- **EXERCISE**:
Going through the data below, please show each line containing the string "Kamer".

(Records excerpted from a collection)
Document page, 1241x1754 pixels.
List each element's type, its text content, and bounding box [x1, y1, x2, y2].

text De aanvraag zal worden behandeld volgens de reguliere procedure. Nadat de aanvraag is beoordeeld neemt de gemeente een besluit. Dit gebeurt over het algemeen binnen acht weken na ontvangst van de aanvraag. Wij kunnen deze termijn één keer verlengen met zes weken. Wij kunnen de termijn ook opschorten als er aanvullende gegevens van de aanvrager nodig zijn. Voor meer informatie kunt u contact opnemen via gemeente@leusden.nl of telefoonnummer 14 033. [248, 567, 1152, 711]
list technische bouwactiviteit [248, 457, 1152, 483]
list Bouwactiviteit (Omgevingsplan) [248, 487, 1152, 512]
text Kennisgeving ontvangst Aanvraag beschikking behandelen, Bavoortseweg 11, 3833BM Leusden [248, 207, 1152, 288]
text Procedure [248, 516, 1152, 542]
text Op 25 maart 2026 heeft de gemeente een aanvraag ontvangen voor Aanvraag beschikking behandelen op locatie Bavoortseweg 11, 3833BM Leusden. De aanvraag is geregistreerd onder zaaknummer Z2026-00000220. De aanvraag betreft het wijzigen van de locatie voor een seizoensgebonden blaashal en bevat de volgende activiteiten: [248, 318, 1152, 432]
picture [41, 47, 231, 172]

---

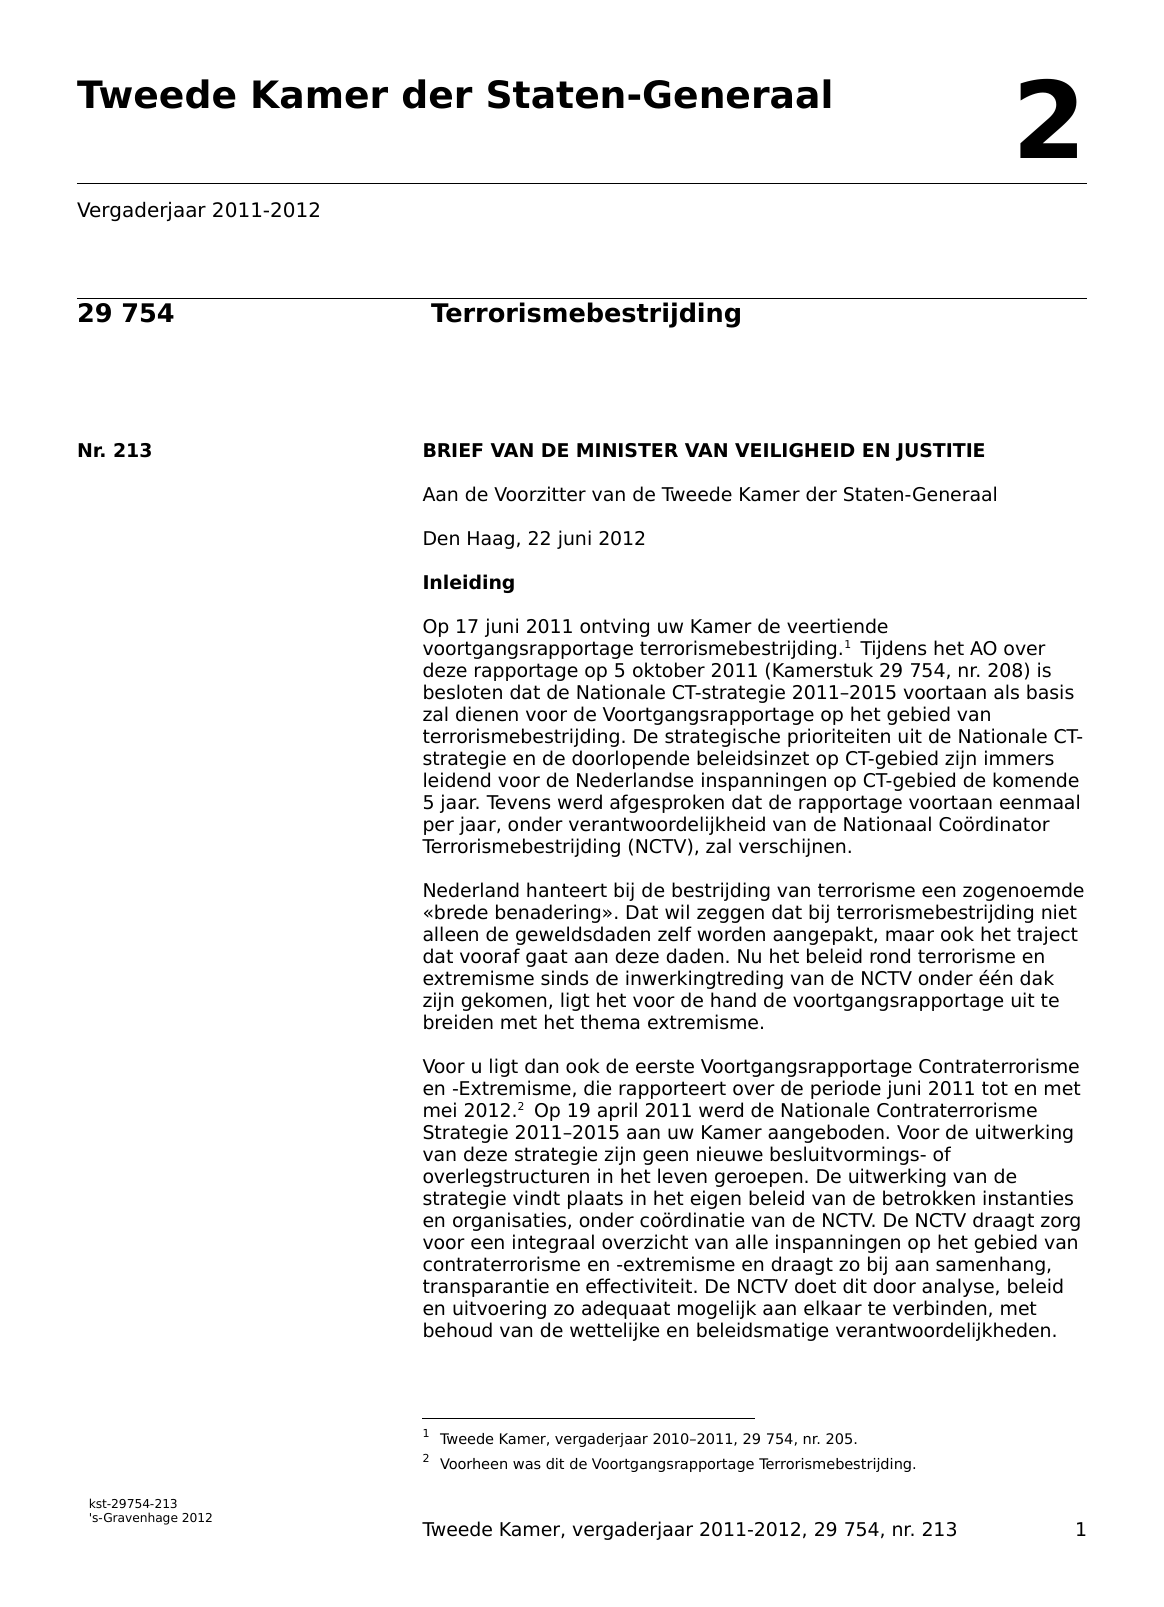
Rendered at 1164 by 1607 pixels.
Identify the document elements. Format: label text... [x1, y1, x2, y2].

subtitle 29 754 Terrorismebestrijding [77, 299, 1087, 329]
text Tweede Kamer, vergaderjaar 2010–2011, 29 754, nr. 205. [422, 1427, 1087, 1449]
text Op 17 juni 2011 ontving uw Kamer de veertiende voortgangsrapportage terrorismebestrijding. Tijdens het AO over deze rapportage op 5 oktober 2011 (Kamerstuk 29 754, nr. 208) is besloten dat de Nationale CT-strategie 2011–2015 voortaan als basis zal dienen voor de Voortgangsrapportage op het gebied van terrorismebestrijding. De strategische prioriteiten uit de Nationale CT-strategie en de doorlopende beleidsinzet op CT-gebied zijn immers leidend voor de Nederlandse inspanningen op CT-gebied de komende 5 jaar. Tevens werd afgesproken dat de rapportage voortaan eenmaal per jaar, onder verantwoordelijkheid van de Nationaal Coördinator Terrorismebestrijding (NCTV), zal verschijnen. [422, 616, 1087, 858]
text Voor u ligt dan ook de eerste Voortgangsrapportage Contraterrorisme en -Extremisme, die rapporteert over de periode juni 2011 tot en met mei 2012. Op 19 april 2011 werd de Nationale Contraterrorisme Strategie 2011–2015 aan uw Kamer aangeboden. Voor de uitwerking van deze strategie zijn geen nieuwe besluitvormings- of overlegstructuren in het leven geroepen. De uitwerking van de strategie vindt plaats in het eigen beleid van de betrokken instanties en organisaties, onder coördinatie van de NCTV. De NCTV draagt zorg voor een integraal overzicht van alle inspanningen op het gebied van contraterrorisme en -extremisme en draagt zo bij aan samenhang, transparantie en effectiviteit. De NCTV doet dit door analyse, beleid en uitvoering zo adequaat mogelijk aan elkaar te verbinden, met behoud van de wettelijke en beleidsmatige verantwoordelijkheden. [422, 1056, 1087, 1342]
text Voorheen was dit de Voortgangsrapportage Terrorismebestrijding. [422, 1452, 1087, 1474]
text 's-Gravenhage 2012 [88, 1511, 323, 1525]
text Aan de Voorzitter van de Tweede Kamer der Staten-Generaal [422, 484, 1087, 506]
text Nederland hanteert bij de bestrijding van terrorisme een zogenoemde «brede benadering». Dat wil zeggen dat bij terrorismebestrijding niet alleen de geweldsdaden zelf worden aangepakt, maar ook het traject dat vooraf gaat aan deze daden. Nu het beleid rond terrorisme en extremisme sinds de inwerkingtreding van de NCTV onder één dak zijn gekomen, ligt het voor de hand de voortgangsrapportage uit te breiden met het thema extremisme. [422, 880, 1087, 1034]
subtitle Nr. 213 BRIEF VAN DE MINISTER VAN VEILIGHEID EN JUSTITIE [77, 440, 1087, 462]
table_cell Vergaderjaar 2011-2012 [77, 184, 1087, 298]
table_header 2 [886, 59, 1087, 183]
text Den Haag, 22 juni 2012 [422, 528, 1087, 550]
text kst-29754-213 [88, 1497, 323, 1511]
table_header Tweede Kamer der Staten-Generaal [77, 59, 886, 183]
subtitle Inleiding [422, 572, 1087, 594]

- **REPLY TO THE TASK**:
text Tweede Kamer, vergaderjaar 2010–2011, 29 754, nr. 205. [422, 1427, 1087, 1449]
text Op 17 juni 2011 ontving uw Kamer de veertiende voortgangsrapportage terrorismebestrijding. Tijdens het AO over deze rapportage op 5 oktober 2011 (Kamerstuk 29 754, nr. 208) is besloten dat de Nationale CT-strategie 2011–2015 voortaan als basis zal dienen voor de Voortgangsrapportage op het gebied van terrorismebestrijding. De strategische prioriteiten uit de Nationale CT-strategie en de doorlopende beleidsinzet op CT-gebied zijn immers leidend voor de Nederlandse inspanningen op CT-gebied de komende 5 jaar. Tevens werd afgesproken dat de rapportage voortaan eenmaal per jaar, onder verantwoordelijkheid van de Nationaal Coördinator Terrorismebestrijding (NCTV), zal verschijnen. [422, 616, 1087, 858]
text Voor u ligt dan ook de eerste Voortgangsrapportage Contraterrorisme en -Extremisme, die rapporteert over de periode juni 2011 tot en met mei 2012. Op 19 april 2011 werd de Nationale Contraterrorisme Strategie 2011–2015 aan uw Kamer aangeboden. Voor de uitwerking van deze strategie zijn geen nieuwe besluitvormings- of overlegstructuren in het leven geroepen. De uitwerking van de strategie vindt plaats in het eigen beleid van de betrokken instanties en organisaties, onder coördinatie van de NCTV. De NCTV draagt zorg voor een integraal overzicht van alle inspanningen op het gebied van contraterrorisme en -extremisme en draagt zo bij aan samenhang, transparantie en effectiviteit. De NCTV doet dit door analyse, beleid en uitvoering zo adequaat mogelijk aan elkaar te verbinden, met behoud van de wettelijke en beleidsmatige verantwoordelijkheden. [422, 1056, 1087, 1342]
text Aan de Voorzitter van de Tweede Kamer der Staten-Generaal [422, 484, 1087, 506]
table_header Tweede Kamer der Staten-Generaal [77, 59, 886, 183]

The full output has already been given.